Despite Election Day being only just over a month behind us, people are already talking about who might run for president in 2024. While it is of course way too early to predict who the Republican nominee will be four years from now, here’s which potential candidates are getting the most and earliest buzz.
Please note that this list is not an endorsement of any of these potential candidates, but rather a look at the high-profile individuals who may throw their name into the mix.
- President Donald J. Trump
Perhaps the most notable potential candidate to run in 2024, President Trump would, in all likelihood, be the early favorite to secure the GOP nomination. He already enjoys a considerable amount of support from his loyal base and he is the first incumbent president to receive over 70 million votes. To say he wouldn’t have a chance in 2024 is simply not true.
Since President Trump has only served one term up until this point, he remains eligible to seek a second four-year term in 2024. If elected in 2024, President Trump would be the second president in U.S history to serve two non-consecutive terms, the first being Grover Cleveland. President Trump has certainly defied the predictions of many political analysts for the past four years, who’s to say that he can’t do it again.
- Vice President Mike Pence
Another notable potential candidate in 2024 is Vice President Mike Pence.
Historically, it’s quite common for the VP to run for president following their president’s term(s) in office. Whether they win is another question, as we’ve seen vice presidents throughout history both succeed and fail. In 1989, President George H.W. Bush succeeded President Ronald Reagan after serving as Reagan’s VP for eight years and winning the 1988 election. Conversely, former Vice President Al Gore failed to succeed President Bill Clinton in the dramatic 2000 election.
Assuming President Trump doesn’t run in 2024, it seems Vice President Mike Pence would have a relatively decent chance to win the Republican nomination. Though the future is always in motion…
- Nikki Haley
One widely-speculated potential candidate in 2024 is the former Governor of South Carolina and Ambassador to the United Nations, Nikki Haley. The daughter of two Indian immigrants and the first female governor of her home state, Nikki Haley is referred to by many as the ‘future of the Republican Party.’

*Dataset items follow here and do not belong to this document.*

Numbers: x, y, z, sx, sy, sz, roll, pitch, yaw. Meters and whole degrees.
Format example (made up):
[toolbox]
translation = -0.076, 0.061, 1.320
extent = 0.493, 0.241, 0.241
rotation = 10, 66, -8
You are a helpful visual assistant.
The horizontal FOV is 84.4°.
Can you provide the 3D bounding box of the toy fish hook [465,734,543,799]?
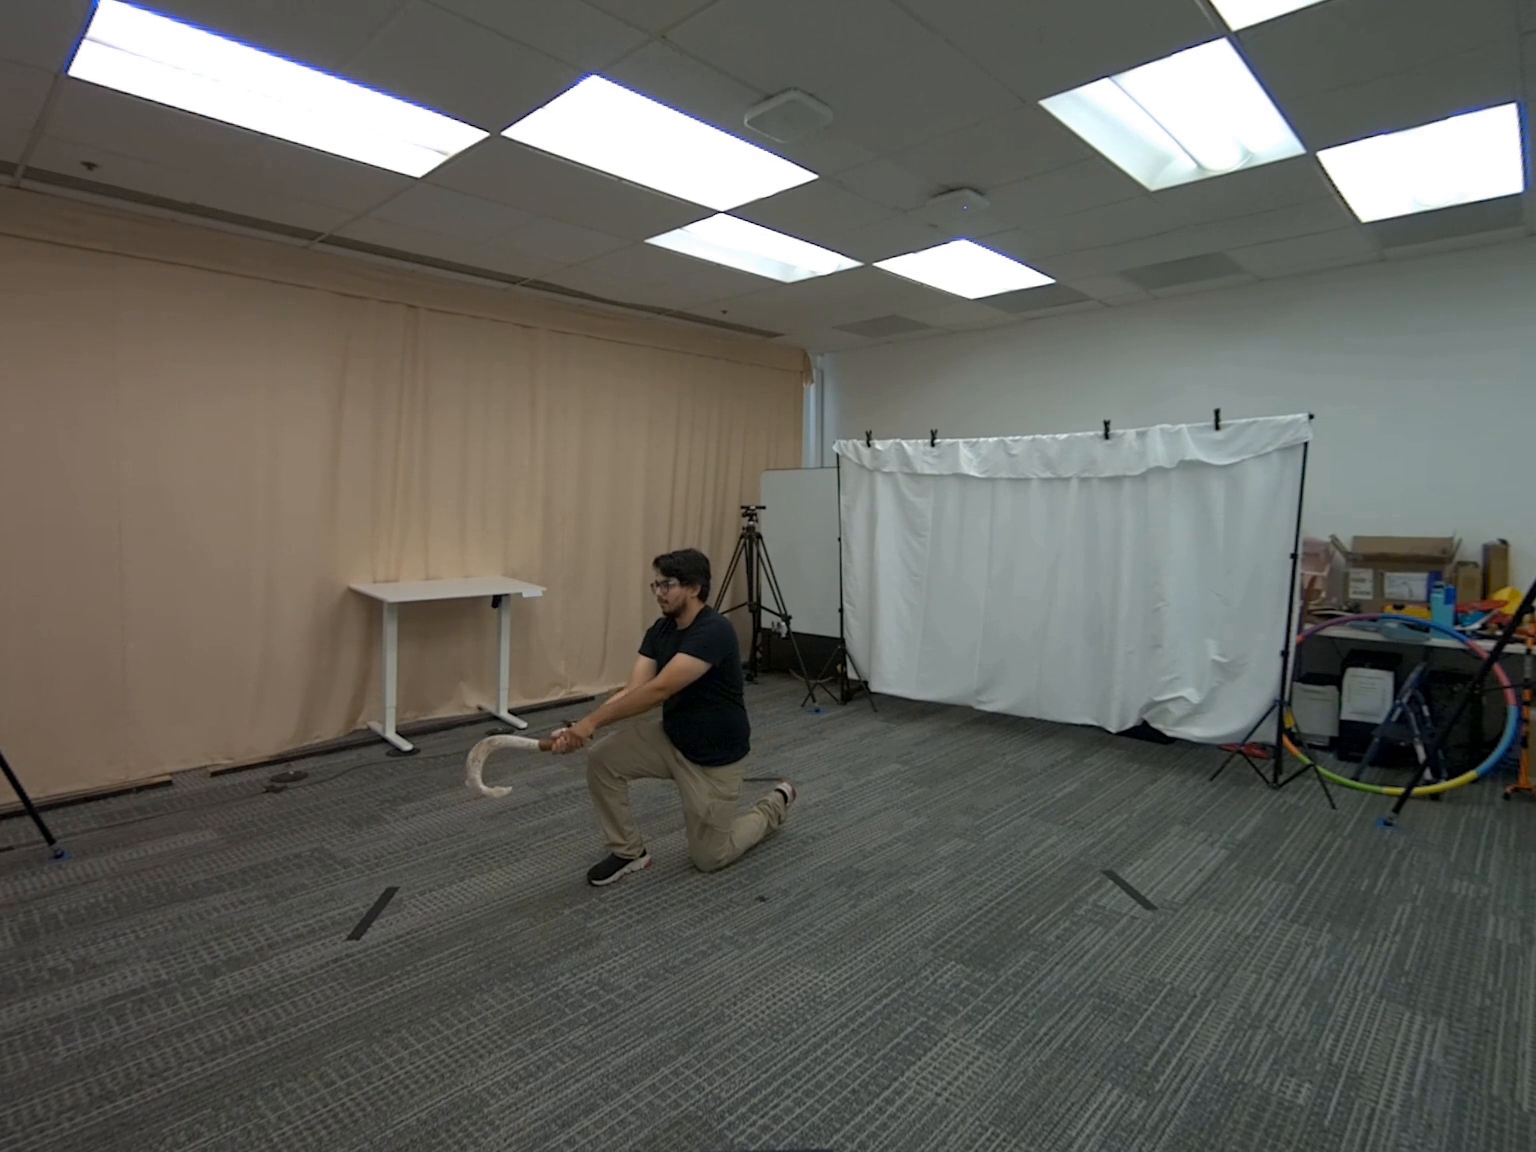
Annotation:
[toy fish hook]
translation = -0.852, 0.659, 3.005
extent = 0.514, 0.228, 0.047
rotation = -12, -23, 15
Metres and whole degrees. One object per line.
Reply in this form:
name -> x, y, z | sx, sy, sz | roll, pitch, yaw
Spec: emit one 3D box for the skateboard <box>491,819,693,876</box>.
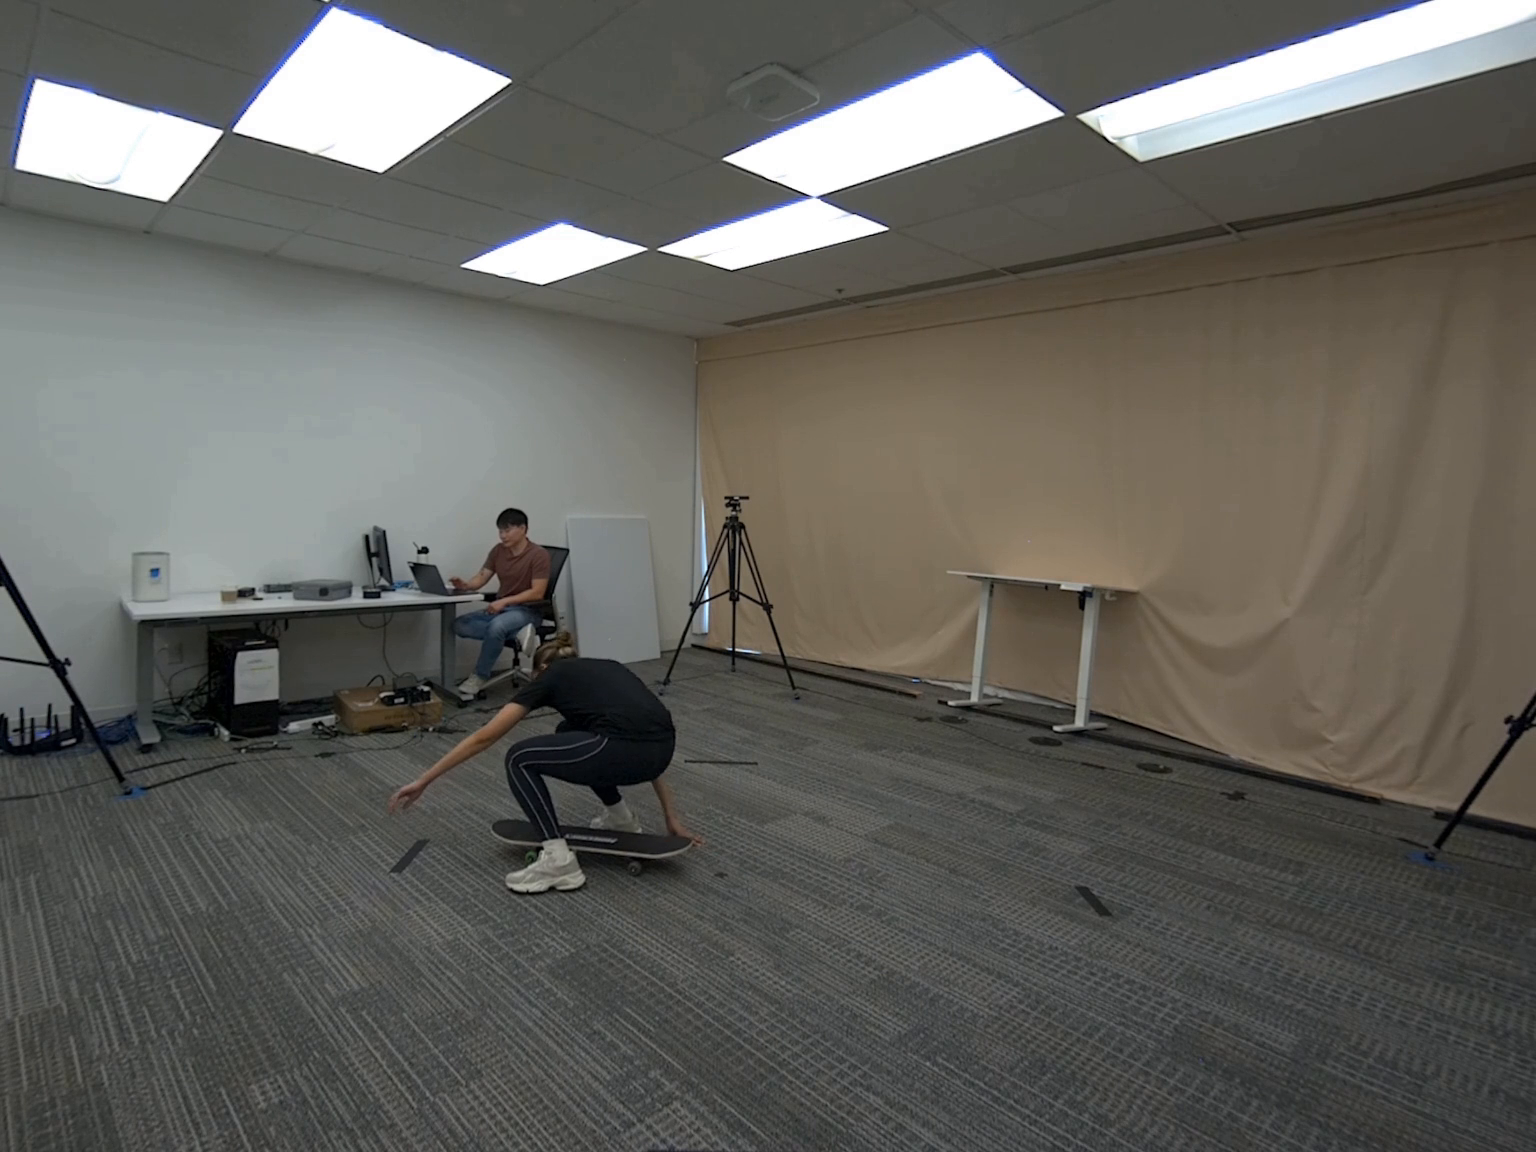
skateboard -> -0.678, 1.024, 3.195 | 0.792, 0.110, 0.192 | 3, 4, 9
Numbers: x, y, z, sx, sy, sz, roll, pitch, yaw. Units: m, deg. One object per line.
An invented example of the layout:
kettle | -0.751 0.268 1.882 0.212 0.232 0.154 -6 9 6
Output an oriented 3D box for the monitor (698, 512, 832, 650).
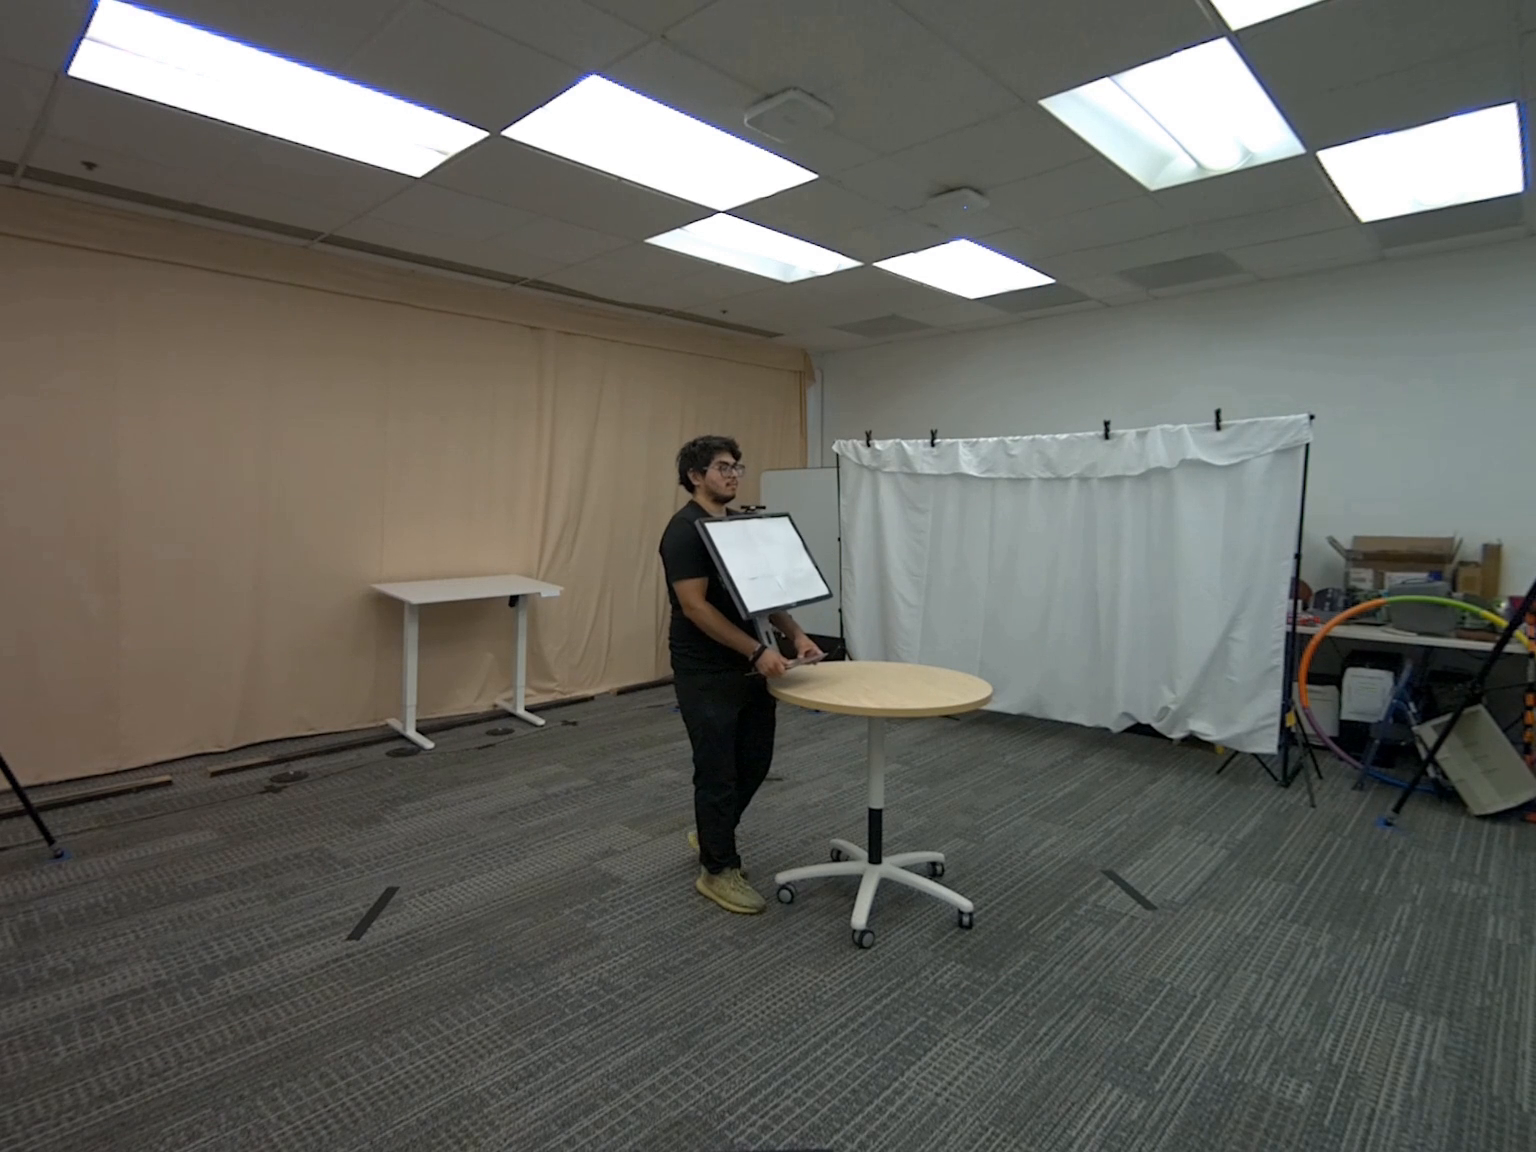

While she began serving as governor in 2011, she was elevated into the national spotlight in 2015 when she signed a bill into law that removed the Confederate Flag from the state capitol. In 2017, she was appointed by President Trump to serve as the U.S Ambassador to the United Nations, a position she held for two years until she resigned at the end of 2018. In 2019, she released a memoir entitled With All Due Respect, detailing her time serving as Ambassador to the U.N.
In August, she was a keynote speaker at the Republican National Convention.
- Ron DeSantis
A less-notable, yet potential, candidate is the current Governor of Florida Ron DeSantis. He was elected in 2018, defeating Democrat Mayor, Andrew Gillum, after receiving a greater share of the Hispanic vote than Trump did in Florida in 2016.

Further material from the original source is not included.